The robot main part is installed on removing the chassis, for the security protection patrols the major component of robot, can be used to bear radar, camera etc. can further install other functional module simultaneously, or accomodate some security protections and patrol the article that need be used.

The radar realizes planning and navigation of the moving direction and the path of the security patrol robot and enables the security patrol robot to have obstacle avoidance capability. Alternatively, the radar may be, but is not limited to, a 3D lidar, an infrared radar, a microwave radar, an over-the-horizon radar, a pulse radar, a phased array radar, or the like. The radar can be installed on the moving chassis, or between the moving chassis and the robot body, or on the upper end of the robot body. In this embodiment, it is preferable that a support seat is installed between the mobile chassis and the robot body so as to form a space-avoiding chamber between the mobile chassis and the robot body, and the radar is installed in the space-avoiding chamber, thereby enabling 360-degree full circumferential scanning.

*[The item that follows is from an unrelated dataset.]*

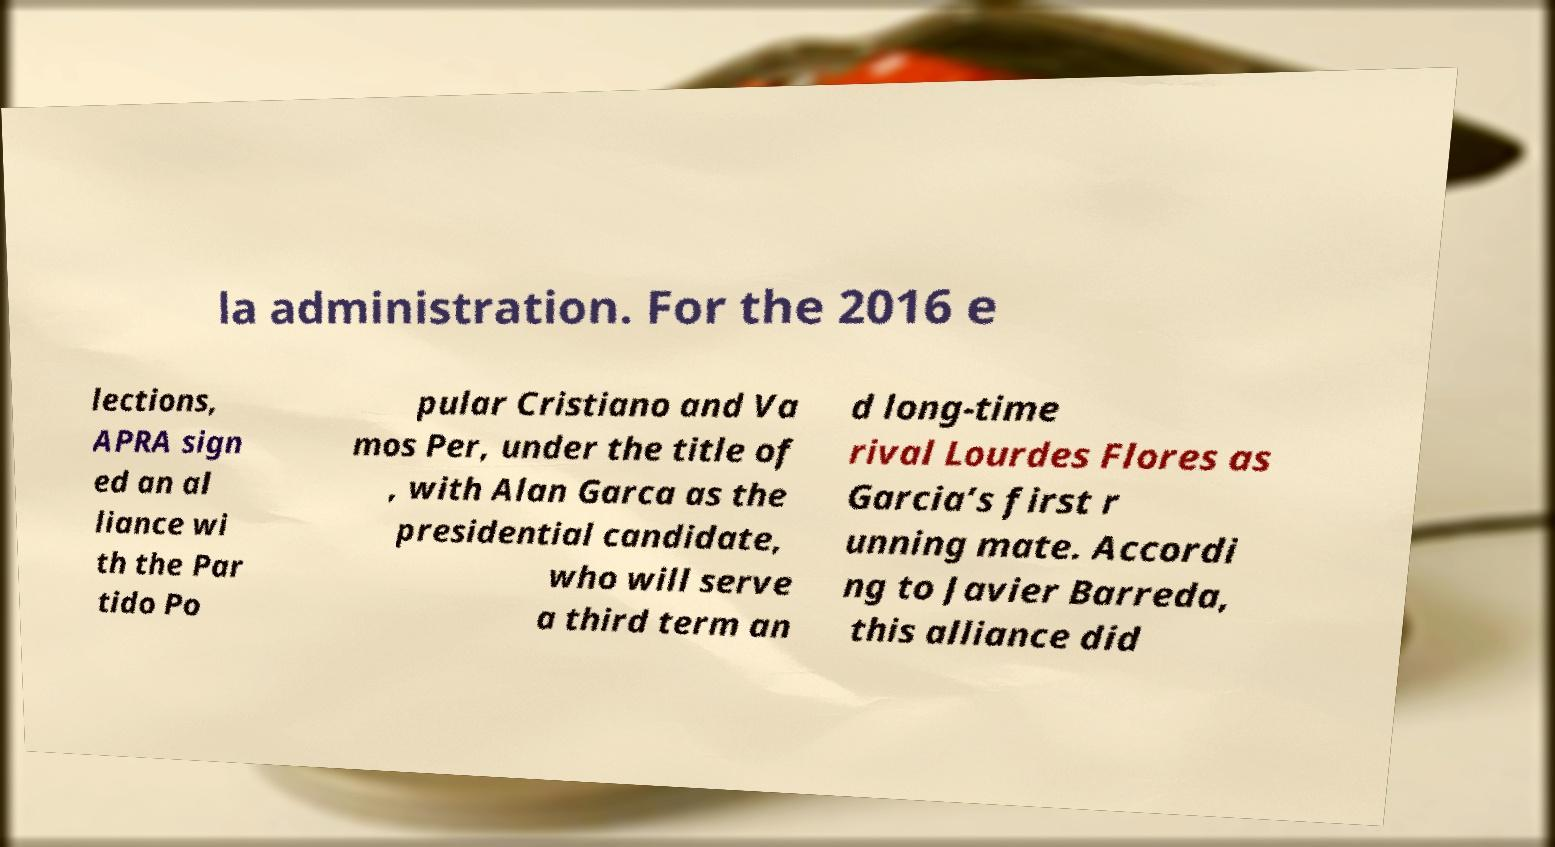Can you read and provide the text displayed in the image?This photo seems to have some interesting text. Can you extract and type it out for me? la administration. For the 2016 e lections, APRA sign ed an al liance wi th the Par tido Po pular Cristiano and Va mos Per, under the title of , with Alan Garca as the presidential candidate, who will serve a third term an d long-time rival Lourdes Flores as Garcia’s first r unning mate. Accordi ng to Javier Barreda, this alliance did

The control device is a control center of the security patrol robot and is used for sending instructions to all functional components, so that the whole security patrol robot can reliably and autonomously operate. The control device is optionally mounted in a chamber formed by the moving chassis or inside the robot body. In this embodiment, the control device is preferably mounted in the mobile chassis. Specifically, the control device comprises a chip for controlling, various circuit boards, various electronic devices and the like.

The camera is installed on the top of robot main part, and the camera is in suitable higher position this moment, helps acquireing open field of vision, avoids receiving and shelters from. The camera can shoot images of the surrounding environment in real time, so that the purpose of security patrol is achieved. Alternatively, the camera may be any type and structure of camera equipment in the prior art, such as a monocular camera, a binocular camera, a spherical camera, a video camera, etc.; the concrete selection can be carried out according to the actual requirement.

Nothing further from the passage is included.